The Wilson Trail (衛奕信徑) is a 78 km long-distance footpath in Hong Kong, 63 km of which runs through Hong Kong country parks. It was named after David Wilson, Baron Wilson of Tillyorn, who was penultimate Governor of Hong Kong from 1987 to 1992. The Wilson Trail was developed by Friends of the Country Park and sponsored by various private organisations. The construction work of the trail began in 1994. The Wilson Trail was first opened on 21 January 1996.

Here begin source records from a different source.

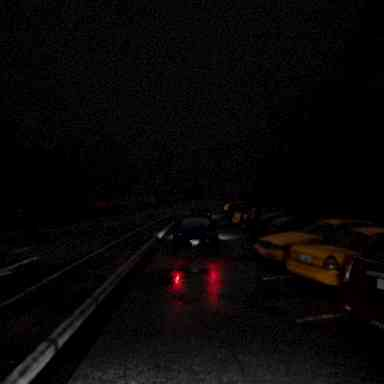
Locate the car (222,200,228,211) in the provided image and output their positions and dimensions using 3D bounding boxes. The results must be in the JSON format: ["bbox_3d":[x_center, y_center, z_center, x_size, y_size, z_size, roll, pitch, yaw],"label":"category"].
[{"bbox_3d":[5.625,1.761,29.214,5.008,1.535,2.097,1,-1,-16],"label":"car"}]

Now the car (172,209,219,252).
[{"bbox_3d":[0.183,1.667,14.445,1.812,1.442,4.674,0,0,2],"label":"car"}]

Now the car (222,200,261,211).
[{"bbox_3d":[6.938,1.929,46.948,4.892,1.521,2.231,1,-1,-15],"label":"car"}]

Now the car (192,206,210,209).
[{"bbox_3d":[0.795,1.885,29.217,1.895,1.301,4.718,0,-1,3],"label":"car"}]

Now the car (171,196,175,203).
[{"bbox_3d":[-7.895,2.042,82.310,5.566,2.045,2.435,-1,-1,-14],"label":"car"}]

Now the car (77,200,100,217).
[{"bbox_3d":[-12.334,1.825,34.316,5.008,1.535,2.097,-1,0,-16],"label":"car"}]

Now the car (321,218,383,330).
[{"bbox_3d":[4.820,1.413,5.530,4.553,1.767,2.185,1,-1,-19],"label":"car"}]

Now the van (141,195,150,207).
[{"bbox_3d":[-10.157,1.836,58.398,4.442,1.987,1.878,-1,-1,-15],"label":"van"}]

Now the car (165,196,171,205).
[{"bbox_3d":[-8.485,1.985,76.325,5.566,2.045,2.435,-1,-1,-14],"label":"car"}]

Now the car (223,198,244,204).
[{"bbox_3d":[10.674,2.325,85.849,4.792,1.488,2.163,1,0,-14],"label":"car"}]

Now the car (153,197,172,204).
[{"bbox_3d":[-7.588,2.197,85.289,4.553,1.767,2.185,-1,0,-14],"label":"car"}]

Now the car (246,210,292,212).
[{"bbox_3d":[5.010,1.663,14.421,4.674,1.452,2.002,1,-1,-18],"label":"car"}]

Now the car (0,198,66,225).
[{"bbox_3d":[-12.847,1.483,25.288,5.566,2.045,2.435,-1,-1,-17],"label":"car"}]

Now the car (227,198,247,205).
[{"bbox_3d":[5.505,1.609,26.262,4.553,1.767,2.185,1,0,-17],"label":"car"}]

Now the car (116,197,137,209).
[{"bbox_3d":[-11.300,1.975,49.312,5.366,1.575,1.946,-1,0,-15],"label":"car"}]

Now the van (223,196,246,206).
[{"bbox_3d":[9.099,1.925,70.608,4.442,1.987,1.878,1,0,-14],"label":"van"}]

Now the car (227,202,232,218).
[{"bbox_3d":[5.507,1.706,23.356,5.366,1.575,1.946,1,-1,-17],"label":"car"}]

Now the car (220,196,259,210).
[{"bbox_3d":[7.518,1.733,52.876,5.566,2.045,2.435,1,-1,-15],"label":"car"}]

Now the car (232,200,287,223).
[{"bbox_3d":[5.178,1.552,20.333,4.553,1.767,2.185,1,-1,-18],"label":"car"}]

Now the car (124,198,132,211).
[{"bbox_3d":[-11.402,1.946,46.365,5.008,1.535,2.097,-1,-1,-15],"label":"car"}]

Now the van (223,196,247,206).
[{"bbox_3d":[8.813,1.896,67.644,4.442,1.987,1.878,1,0,-14],"label":"van"}]

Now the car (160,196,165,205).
[{"bbox_3d":[-9.123,1.927,70.318,5.566,2.045,2.435,-1,0,-14],"label":"car"}]

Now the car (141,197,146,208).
[{"bbox_3d":[-10.583,2.064,55.354,4.792,1.488,2.163,-1,0,-15],"label":"car"}]

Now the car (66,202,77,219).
[{"bbox_3d":[-12.716,1.765,28.291,5.008,1.535,2.097,-1,-1,-17],"label":"car"}]

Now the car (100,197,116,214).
[{"bbox_3d":[-11.874,1.760,40.347,4.553,1.767,2.185,-1,0,-16],"label":"car"}]

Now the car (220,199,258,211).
[{"bbox_3d":[7.034,1.950,49.853,5.366,1.575,1.946,1,0,-15],"label":"car"}]

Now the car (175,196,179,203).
[{"bbox_3d":[-7.014,2.381,91.279,5.008,1.535,2.097,-1,-1,-14],"label":"car"}]

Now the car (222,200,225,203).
[{"bbox_3d":[6.034,1.847,35.138,4.792,1.488,2.163,1,-1,-16],"label":"car"}]

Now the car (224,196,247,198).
[{"bbox_3d":[6.658,1.774,43.985,4.553,1.767,2.185,1,-1,-15],"label":"car"}]

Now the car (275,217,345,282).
[{"bbox_3d":[5.063,1.567,8.560,5.366,1.575,1.946,1,-1,-19],"label":"car"}]

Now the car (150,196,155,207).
[{"bbox_3d":[-9.975,2.092,61.356,5.008,1.535,2.097,-1,-1,-14],"label":"car"}]

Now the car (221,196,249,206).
[{"bbox_3d":[9.528,1.929,73.611,5.566,2.045,2.435,1,-1,-14],"label":"car"}]

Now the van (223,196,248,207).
[{"bbox_3d":[8.526,1.868,64.680,4.442,1.987,1.878,1,0,-14],"label":"van"}]

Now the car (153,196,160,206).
[{"bbox_3d":[-9.709,1.870,64.338,5.566,2.045,2.435,-1,0,-14],"label":"car"}]

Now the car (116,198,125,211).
[{"bbox_3d":[-11.639,1.917,43.356,4.892,1.521,2.231,-1,0,-15],"label":"car"}]

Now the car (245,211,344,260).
[{"bbox_3d":[4.769,1.589,11.396,5.366,1.575,1.946,1,0,-19],"label":"car"}]

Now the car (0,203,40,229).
[{"bbox_3d":[-13.004,1.744,22.249,4.674,1.452,2.002,-1,0,-18],"label":"car"}]

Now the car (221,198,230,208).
[{"bbox_3d":[6.435,1.872,41.036,5.008,1.535,2.097,1,-1,-15],"label":"car"}]

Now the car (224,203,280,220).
[{"bbox_3d":[5.779,1.818,32.155,4.792,1.488,2.163,1,0,-16],"label":"car"}]

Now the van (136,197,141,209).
[{"bbox_3d":[-10.733,1.778,52.401,4.442,1.987,1.878,-1,-1,-15],"label":"van"}]

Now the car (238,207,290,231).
[{"bbox_3d":[5.096,1.691,17.380,4.674,1.452,2.002,1,-1,-18],"label":"car"}]
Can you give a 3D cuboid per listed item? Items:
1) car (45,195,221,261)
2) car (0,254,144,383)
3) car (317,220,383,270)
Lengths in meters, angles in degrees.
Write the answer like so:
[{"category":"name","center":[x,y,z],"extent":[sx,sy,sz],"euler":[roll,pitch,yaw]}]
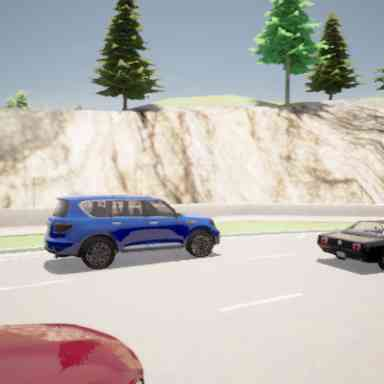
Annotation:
[{"category":"car","center":[-1.737,1.117,10.784],"extent":[5.566,2.045,2.150],"euler":[0,0,-30]},{"category":"car","center":[-2.470,1.493,1.793],"extent":[4.674,1.442,1.812],"euler":[0,0,-36]},{"category":"car","center":[6.435,1.544,10.511],"extent":[4.718,1.301,1.895],"euler":[0,1,-21]}]
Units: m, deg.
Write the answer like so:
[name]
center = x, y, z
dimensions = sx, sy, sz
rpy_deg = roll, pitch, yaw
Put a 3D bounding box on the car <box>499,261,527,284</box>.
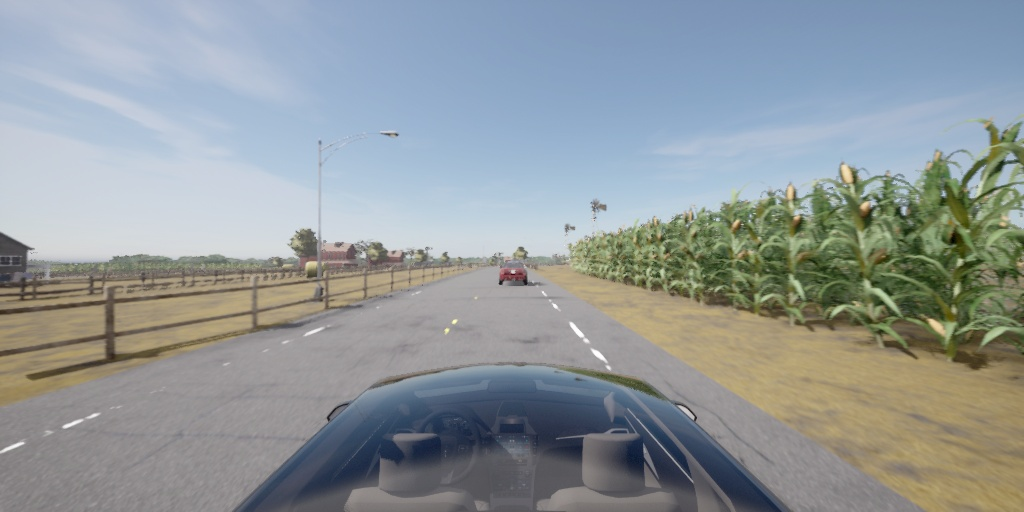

In all, the Wilson Trail traverses eight of the Country Parks. On Hong Kong Island, Tai Tam Country Park and the adjacent Quarry Bay Country Park begin the journey. Across the harbour, there is a gap where the trail runs through hills outside the parks. Then come the three parks named Ma On Shan, Lion Rock, and Kam Shan. In the central New Territories, the Wilson Trail heads north through Shing Mun Country Park and Tai Mo Shan Country Park. Finally it climbs into the Pat Sin Leng Country Park. Each of the Country Parks the Wilson Trail traverses has its own individual character, offering different settings.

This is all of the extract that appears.